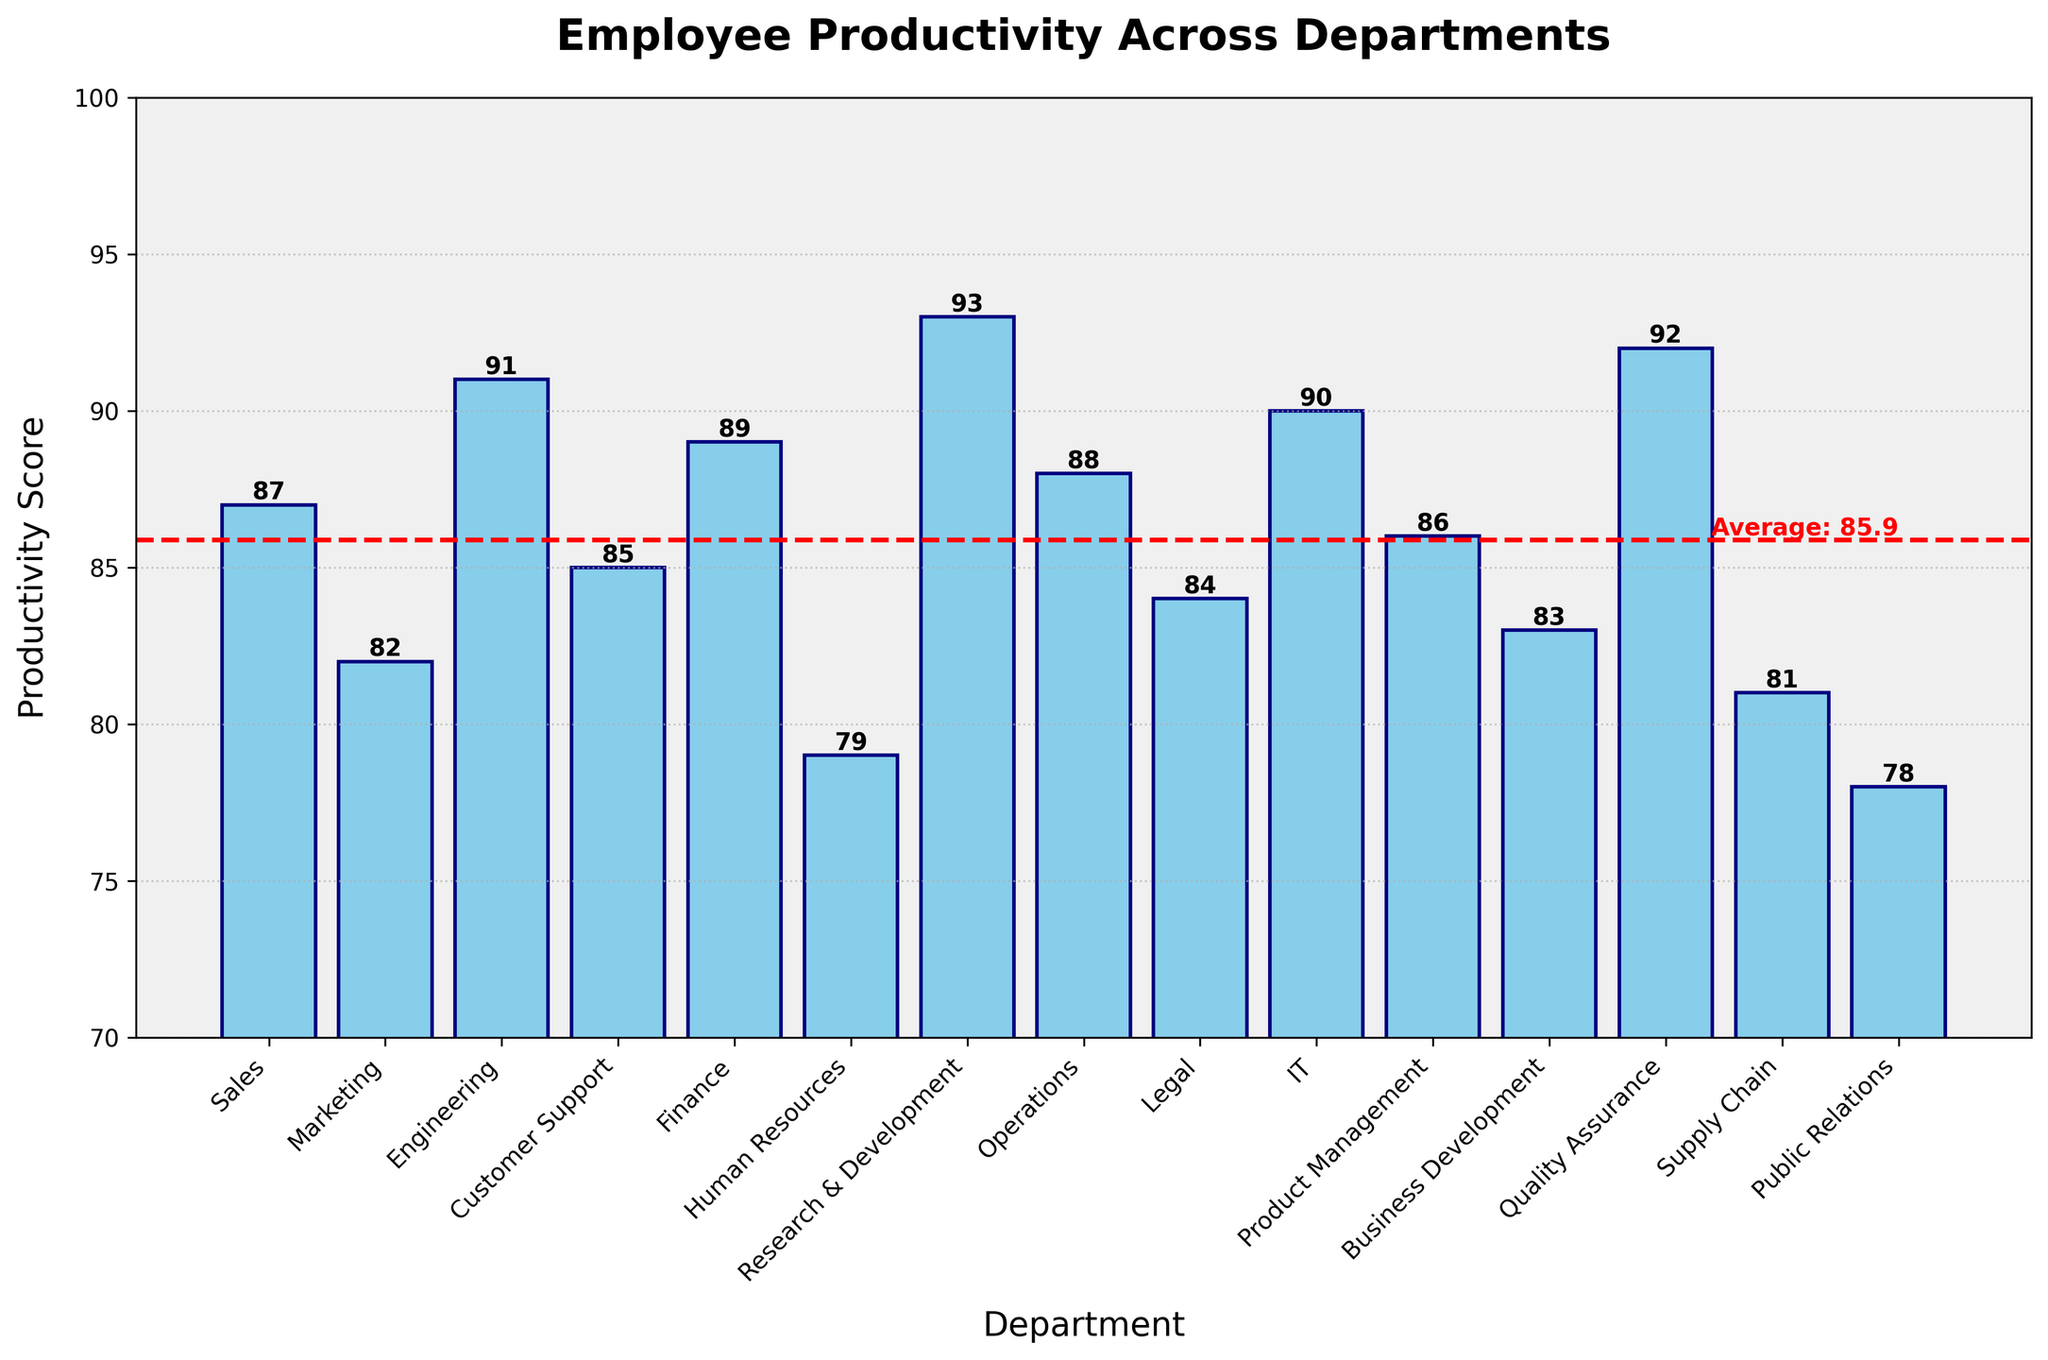Which department has the highest productivity score? The highest bar represents the highest score. Research & Development's bar is the tallest, with a score of 93.
Answer: Research & Development Which department has the lowest productivity score? The shortest bar represents the lowest score. Public Relations' bar is the shortest, with a score of 78.
Answer: Public Relations How does the productivity score of Sales compare with Marketing? Look at the height of the bars for Sales and Marketing. Sales has a score of 87, while Marketing has a score of 82.
Answer: Sales is higher How many departments have a productivity score above the average? Find the departments with scores above the red average line. The red line indicates an average score of around 85.3. Departments with higher scores are Sales, Engineering, Finance, Research & Development, Operations, IT, Product Management, and Quality Assurance.
Answer: 8 What's the difference between the highest and lowest productivity scores? Subtract the lowest score from the highest score. The highest score is 93 (Research & Development), and the lowest is 78 (Public Relations). 93 - 78 = 15.
Answer: 15 Which departments have productivity scores within one point of the average? Identify the departments with productivity scores between 84.3 and 86.3 (average ± 1). Customer Support (85), Legal (84), and Product Management (86) fall within this range.
Answer: Customer Support, Legal, Product Management How much higher is the IT department's score than the Human Resources department's score? Subtract Human Resources' score from IT's score. IT has a score of 90, and Human Resources has a score of 79. 90 - 79 = 11.
Answer: 11 What is the median productivity score among the departments? List all scores in order (78, 79, 81, 82, 83, 84, 85, 86, 87, 88, 89, 90, 91, 92, 93). The median is the value in the middle, which is 86.
Answer: 86 Which two departments have the closest productivity scores? Identify the smallest difference between adjacent scores. Marketing (82) and Supply Chain (81) have a difference of 1.
Answer: Marketing and Supply Chain 
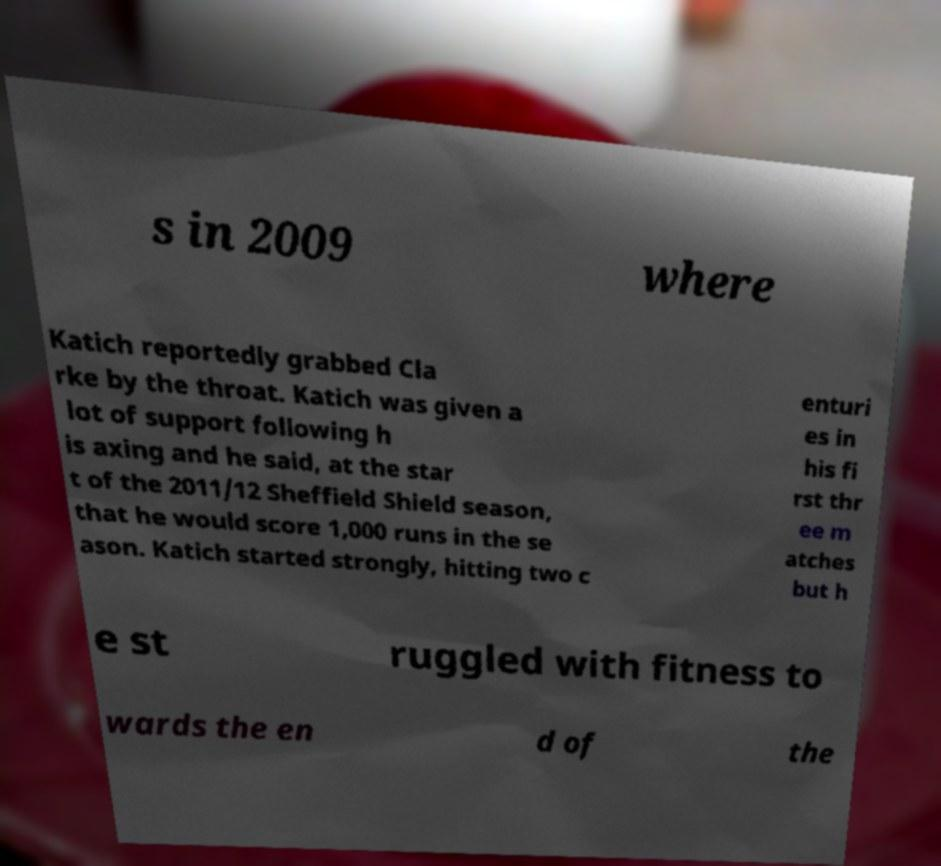Could you extract and type out the text from this image? s in 2009 where Katich reportedly grabbed Cla rke by the throat. Katich was given a lot of support following h is axing and he said, at the star t of the 2011/12 Sheffield Shield season, that he would score 1,000 runs in the se ason. Katich started strongly, hitting two c enturi es in his fi rst thr ee m atches but h e st ruggled with fitness to wards the en d of the 
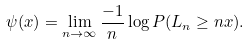Convert formula to latex. <formula><loc_0><loc_0><loc_500><loc_500>\psi ( x ) = \lim _ { n \to \infty } \frac { - 1 } { n } \log P ( L _ { n } \geq n x ) .</formula>

* * * * * * * * *

## WORK REQUEST
The line containing "Answer: Public Relations" marks the end: copy exactly every line from the start of the records up to and including it, leaving out the pictures.

## YOUR SOLUTION
Which department has the highest productivity score? The highest bar represents the highest score. Research & Development's bar is the tallest, with a score of 93.
Answer: Research & Development Which department has the lowest productivity score? The shortest bar represents the lowest score. Public Relations' bar is the shortest, with a score of 78.
Answer: Public Relations How does the productivity score of Sales compare with Marketing? Look at the height of the bars for Sales and Marketing. Sales has a score of 87, while Marketing has a score of 82.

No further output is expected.